Postmedia reports, “(This means) Canada’s supply management system is on the table. A handful of countries in the TPP negotiations…have been resisting Canada’s entry into the group because of the Canadian supply management system that protects fewer than 20,000 dairy and poultry farmers behind a tariff wall and hands them production quotas. …The prime minister (now says) Canada can ‘easily meet’ the broad strokes of the agreement unveiled Saturday by Obama, even if it means throwing into the mix a supply management system that forces Canadians to pay higher prices for products like milk, cheese, chicken and eggs.”
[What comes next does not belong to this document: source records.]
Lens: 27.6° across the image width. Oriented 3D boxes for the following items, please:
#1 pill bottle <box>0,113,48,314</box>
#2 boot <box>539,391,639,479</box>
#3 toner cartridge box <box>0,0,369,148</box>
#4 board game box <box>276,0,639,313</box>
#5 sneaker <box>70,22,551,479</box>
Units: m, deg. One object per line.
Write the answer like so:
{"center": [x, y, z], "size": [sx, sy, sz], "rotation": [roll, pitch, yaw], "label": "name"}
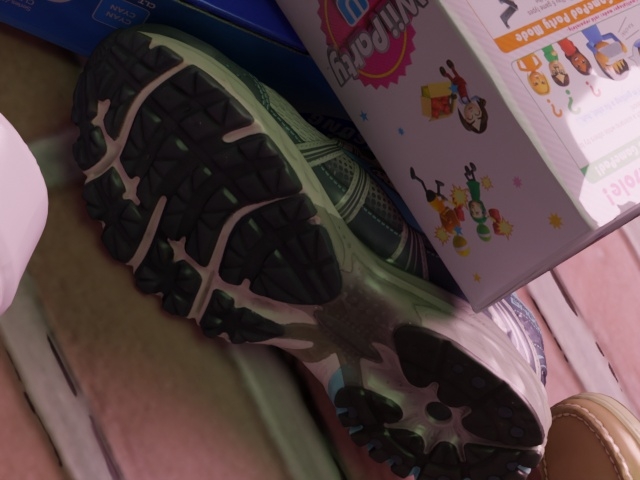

A Harper government media release issued this past weekend states, “The government has invested over $1.4 billion in the Asia-Pacific Gateway to improve and expand our ports and infrastructure… Examples include the construction of the four-lane South Fraser Perimeter Road along the Fraser River…”
And Platts reports, “Canadian Natural Resources Minister Joe Oliver said November 13 he wants a regulatory decision by early 2013, a year ahead of the current schedule, on Enbridge’s Northern Gateway project to expedite the shipment of Alberta oil sands crude to Asia. …’The Chinese are ready to buy’, he told the Canadian Broadcasting Corporation. ‘The issue is building the infrastructure to get our resources to China.’ To that end, Oliver said he now expects Northern Gateway’s hearings to be completed within a year of starting in January 2012.”